There is also a structural issue: How quickly will this button shift from an "optional feature" to a "default habit"? The higher the quality of Grok's replies, the more frequently users will rely on it, leading to an increase in the proportion of messages flowing out of encryption protection. The actual encryption strength of X Chat, in the long run, depends not only on the design of the Juicebox protocol but also on the frequency of user clicks on "Ask Grok."


Issue 3: Why is there no Android version?


X Chat's initial release only supports iOS, with the Android version simply stating "coming soon" without a timeline.


In the global smartphone market, Android holds about 73%, while iOS holds about 27% (IDC/Statista, 2025). Of WhatsApp's 3.14 billion monthly active users, 73% are on Android (according to Demand Sage). In India, WhatsApp covers 854 million users, with over 95% Android penetration. In Brazil, there are 148 million users, with 81% on Android, and in Indonesia, there are 112 million users, with 87% on Android.



WhatsApp's dominance in the global communication market is built on Android. Signal, with a monthly active user base of around 85 million, also relies mainly on privacy-conscious users in Android-dominant countries.


X Chat circumvented this battlefield, with two possible interpretations. One is technical debt; X Chat is built with Rust, and achieving cross-platform support is not easy, so prioritizing iOS may be an engineering constraint.
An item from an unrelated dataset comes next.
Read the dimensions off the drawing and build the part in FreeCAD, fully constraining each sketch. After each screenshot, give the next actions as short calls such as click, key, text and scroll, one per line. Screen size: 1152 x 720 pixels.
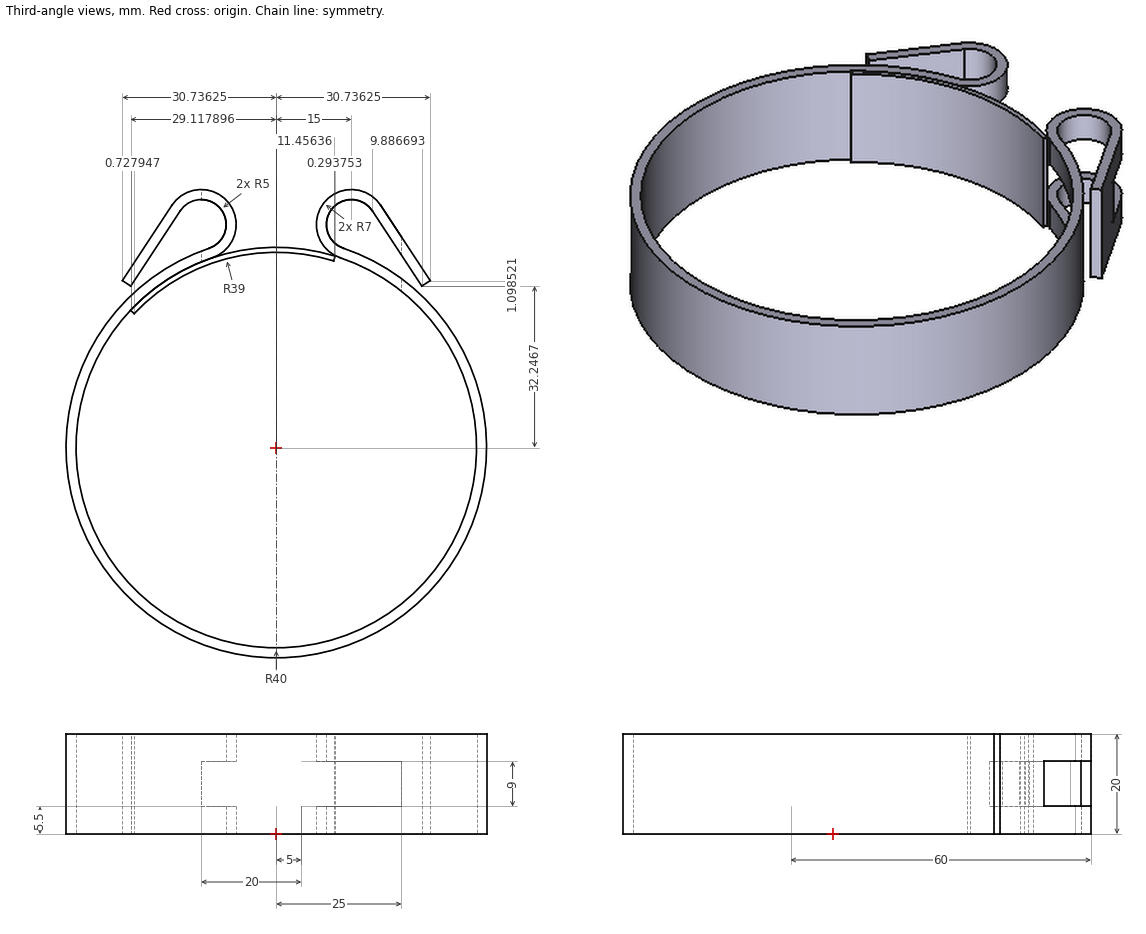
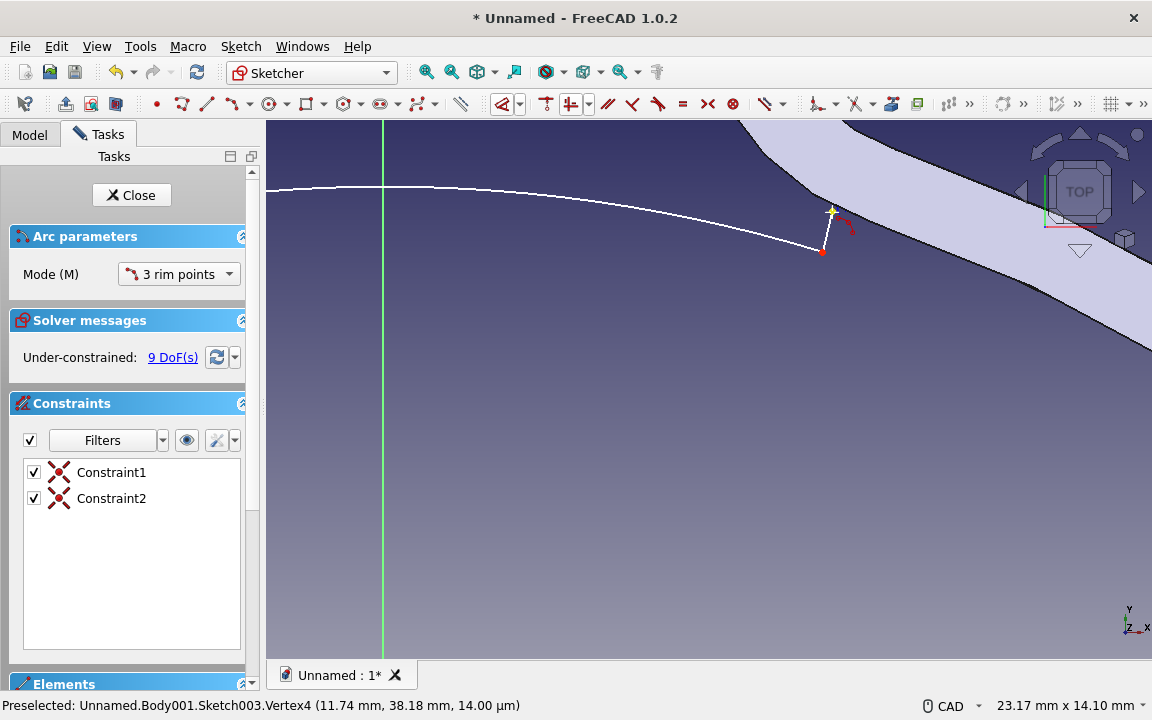
scroll(833, 212, down, 7)

The other is a strategic choice; with iOS holding a market share of nearly 55% in the U.S., X's core user base being in the U.S., prioritizing iOS means focusing on their core user base rather than engaging in direct competition with Android-dominated emerging markets and WhatsApp.


These two interpretations are not mutually exclusive, leading to the same result: X Chat's debut saw it willingly forfeit 73% of the global smartphone user base.


Elon Musk's "Super App"


This matter has been described by some: X Chat, along with X Money and Grok, forms a trifecta creating a closed-loop data system parallel to the existing infrastructure, similar in concept to the WeChat ecosystem. This assessment is not new, but with X Chat's launch, it's worth revisiting the schematic.
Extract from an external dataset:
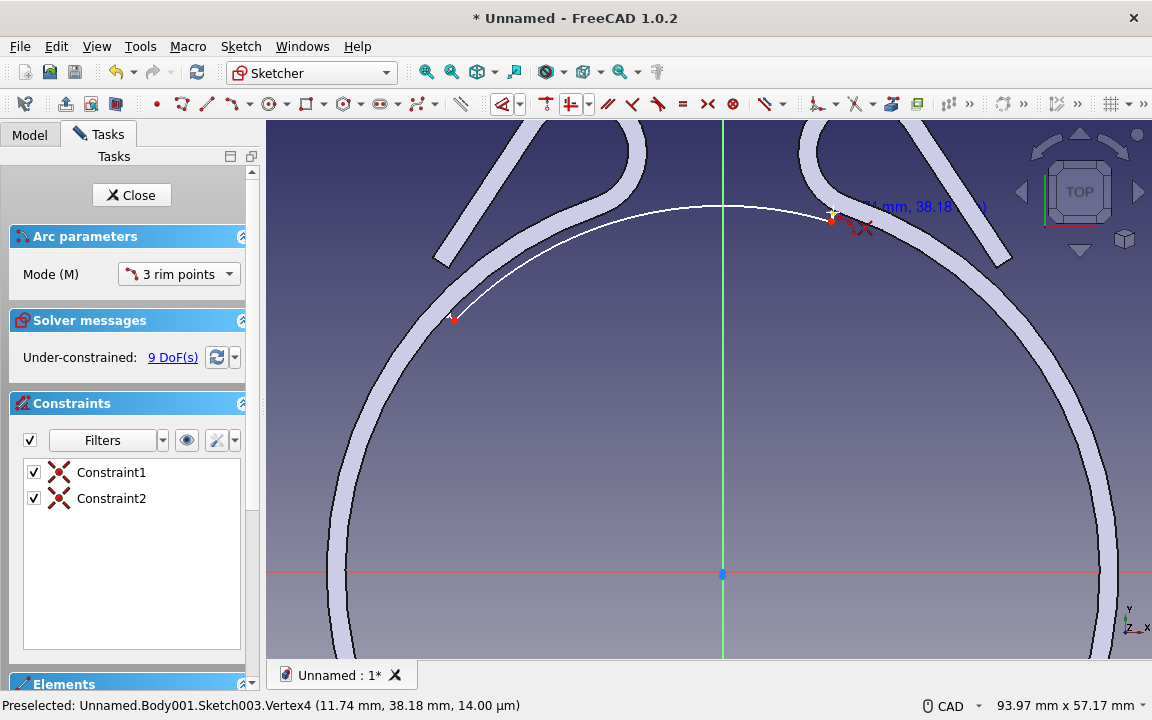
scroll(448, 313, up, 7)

X Chat generates communication metadata, including information on who is talking to whom, for how long, and how frequently. This data flows into X's identity system. Part of the message content goes through the Ask Grok feature and enters Grok's processing chain. Financial transactions are handled by X Money: external public testing was completed in March, opening to the public in April, enabling fiat peer-to-peer transfers via Visa Direct. A senior Fireblocks executive confirmed plans for cryptocurrency payments to go live by the end of the year, holding money transmitter licenses in over 40 U.S. states currently.


Every WeChat feature operates within China's regulatory framework. Musk's system operates within Western regulatory frameworks, but he also serves as the head of the Department of Government Efficiency (DOGE). This is not a WeChat replica; it is a reenactment of the same logic under different political conditions.


The difference is that WeChat has never explicitly claimed to be "end-to-end encrypted" on its main interface, whereas X Chat does. "End-to-end encryption" in user perception means that no one, not even the platform, can see your messages. X Chat's architectural design does not meet this user expectation, but it uses this term.


X Chat consolidates the three data lines of "who this person is, who they are talking to, and where their money comes from and goes to" in one company's hands.


The help page sentence has never been just technical instructions.